- Below is the April 23, 2016 article from SF Gate/San Francisco Chronicle (minus photos and video in the article)
- Court’s full decision at the bottom of the post.
State court rules prisoners can’t be punished for hunger strike
http://m.sfgate.com/news/article/State-court-rules-prisoners-can-t-be-punished-7305577.php
A state appeals court says a California prisoner who took part in a mass hunger strike protesting long-term solitary confinement should not have been punished for disorderly behavior because he did not disrupt prison operations or endanger anyone.
Although the 2013 hunger strike, which involved as many as 30,000 inmates across the state, may have affected the workload of prison staff members, there was no evidence of “a breakdown of order” or any threat of violence, the First District Court of Appeal in San Francisco said in the case of a former inmate at Pelican Bay State Prison.
The ruling, issued last month, was published Friday as a precedent for future cases.
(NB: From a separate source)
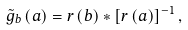Convert formula to latex. <formula><loc_0><loc_0><loc_500><loc_500>\tilde { g } _ { b } \left ( a \right ) = r \left ( b \right ) * \left [ r \left ( a \right ) \right ] ^ { - 1 } ,</formula>

In addition to overturning a 90-day sentencing increase for the inmate, the decision could help numerous hunger strikers whose prison conduct is scrutinized by parole boards, said an attorney in the case, Carol Strickman of Legal Services for Prisoners with Children.
For inmates serving life sentences with the possibility of parole, “the parole board is citing the hunger strike as a reason to keep them in prison, because of their ongoing criminal mentality,” Strickman said.
“We hope to use this opinion to try to educate the parole board,” she added. “You might say it makes you more suitable (for release), engaging in nonviolent protest. People could see it as good citizenship.”
The inmate, Jorge Gomez, was sent to Pelican Bay, in Del Norte County, in 2000 and was transferred three years later to the prison’s Security Housing Unit, where he was kept in solitary confinement for more than a decade. In July 2013, he refused to eat for four days and, after the third day, was cited for a “serious” violation of prison rules for taking part in a hunger strike.